→ What you have to do:
In full and exactly, please return the records, but keep out the pictures.

→ Data listing:
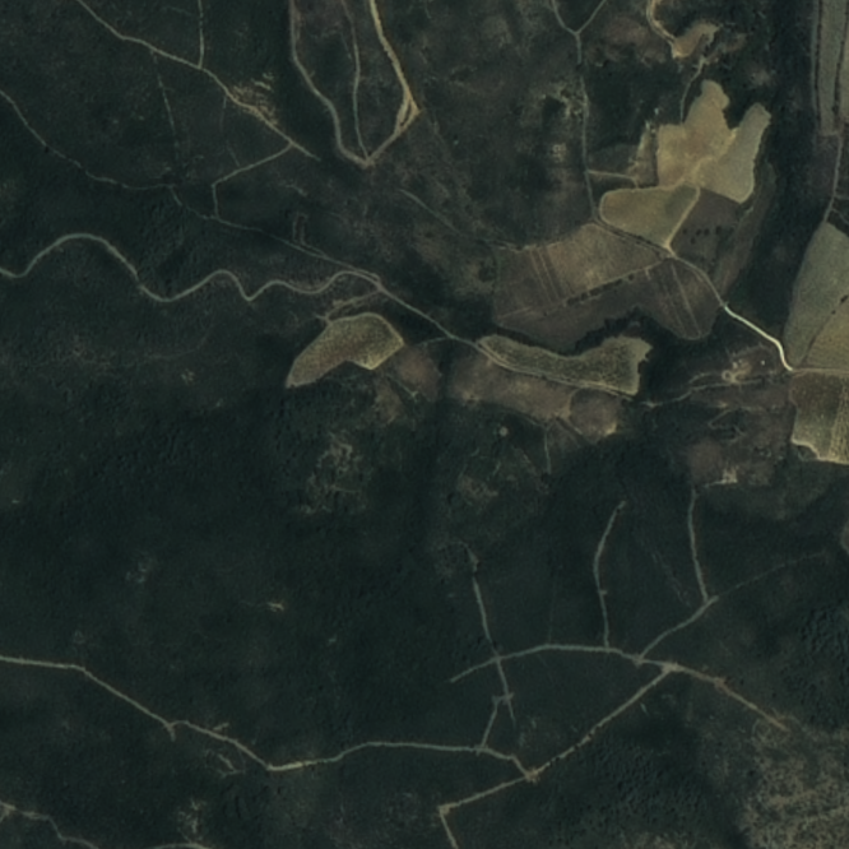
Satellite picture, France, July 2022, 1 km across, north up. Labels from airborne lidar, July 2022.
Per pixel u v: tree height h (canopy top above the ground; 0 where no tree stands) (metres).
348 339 0
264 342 5
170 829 6
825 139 0
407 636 7
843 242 0
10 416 6
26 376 8
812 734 0
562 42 0
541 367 0
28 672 0
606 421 0
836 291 0
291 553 6
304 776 0
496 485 6
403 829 6
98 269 7
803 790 0
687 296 0
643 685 0
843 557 8
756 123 0
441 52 0
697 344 7
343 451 0
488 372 0
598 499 6
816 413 0
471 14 0
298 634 9
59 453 9
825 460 0
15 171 6
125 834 6
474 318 8
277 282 0
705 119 0
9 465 6
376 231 0
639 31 0
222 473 5
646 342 7
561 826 8
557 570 6
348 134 0
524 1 0
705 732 0
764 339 0
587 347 12
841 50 0
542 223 0
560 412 0
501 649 10
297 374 0
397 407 0
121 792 6
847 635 14
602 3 0
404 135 0
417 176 0
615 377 0
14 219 6
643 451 6
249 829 7
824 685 9
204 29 7
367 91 0
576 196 0
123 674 6
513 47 0
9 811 0
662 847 0
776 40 10
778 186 7
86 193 7
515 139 0
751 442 0
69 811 6
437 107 0
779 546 6
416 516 6
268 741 6
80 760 6
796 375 0
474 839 0
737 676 0
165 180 8
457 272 0
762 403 0
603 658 6
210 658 6
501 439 8
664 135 0
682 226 0
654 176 0
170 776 7
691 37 0
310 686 8
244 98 0
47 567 9
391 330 0
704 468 0
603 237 0
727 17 6
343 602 17
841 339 0
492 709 6
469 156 0
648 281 0
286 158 0
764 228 7
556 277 0
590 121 0
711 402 0
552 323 0
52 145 6
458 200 0
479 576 7
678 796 10
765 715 0
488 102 0
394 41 0
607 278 0
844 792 0
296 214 10
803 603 9
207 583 6
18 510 6
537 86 0
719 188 0
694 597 0
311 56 0
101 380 5
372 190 0
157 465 8
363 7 0
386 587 9
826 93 0
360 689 8
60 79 0
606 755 15
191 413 9
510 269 0
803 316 0
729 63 10
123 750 6
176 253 6
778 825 0
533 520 7
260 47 10
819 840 0
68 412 8
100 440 7

→ Answer section:
Satellite picture, France, July 2022, 1 km across, north up. Labels from airborne lidar, July 2022.
Per pixel u v: tree height h (canopy top above the ground; 0 where no tree stands) (metres).
348 339 0
264 342 5
170 829 6
825 139 0
407 636 7
843 242 0
10 416 6
26 376 8
812 734 0
562 42 0
541 367 0
28 672 0
606 421 0
836 291 0
291 553 6
304 776 0
496 485 6
403 829 6
98 269 7
803 790 0
687 296 0
643 685 0
843 557 8
756 123 0
441 52 0
697 344 7
343 451 0
488 372 0
598 499 6
816 413 0
471 14 0
298 634 9
59 453 9
825 460 0
15 171 6
125 834 6
474 318 8
277 282 0
705 119 0
9 465 6
376 231 0
639 31 0
222 473 5
646 342 7
561 826 8
557 570 6
348 134 0
524 1 0
705 732 0
764 339 0
587 347 12
841 50 0
542 223 0
560 412 0
501 649 10
297 374 0
397 407 0
121 792 6
847 635 14
602 3 0
404 135 0
417 176 0
615 377 0
14 219 6
643 451 6
249 829 7
824 685 9
204 29 7
367 91 0
576 196 0
123 674 6
513 47 0
9 811 0
662 847 0
776 40 10
778 186 7
86 193 7
515 139 0
751 442 0
69 811 6
437 107 0
779 546 6
416 516 6
268 741 6
80 760 6
796 375 0
474 839 0
737 676 0
165 180 8
457 272 0
762 403 0
603 658 6
210 658 6
501 439 8
664 135 0
682 226 0
654 176 0
170 776 7
691 37 0
310 686 8
244 98 0
47 567 9
391 330 0
704 468 0
603 237 0
727 17 6
343 602 17
841 339 0
492 709 6
469 156 0
648 281 0
286 158 0
764 228 7
556 277 0
590 121 0
711 402 0
552 323 0
52 145 6
458 200 0
479 576 7
678 796 10
765 715 0
488 102 0
394 41 0
607 278 0
844 792 0
296 214 10
803 603 9
207 583 6
18 510 6
537 86 0
719 188 0
694 597 0
311 56 0
101 380 5
372 190 0
157 465 8
363 7 0
386 587 9
826 93 0
360 689 8
60 79 0
606 755 15
191 413 9
510 269 0
803 316 0
729 63 10
123 750 6
176 253 6
778 825 0
533 520 7
260 47 10
819 840 0
68 412 8
100 440 7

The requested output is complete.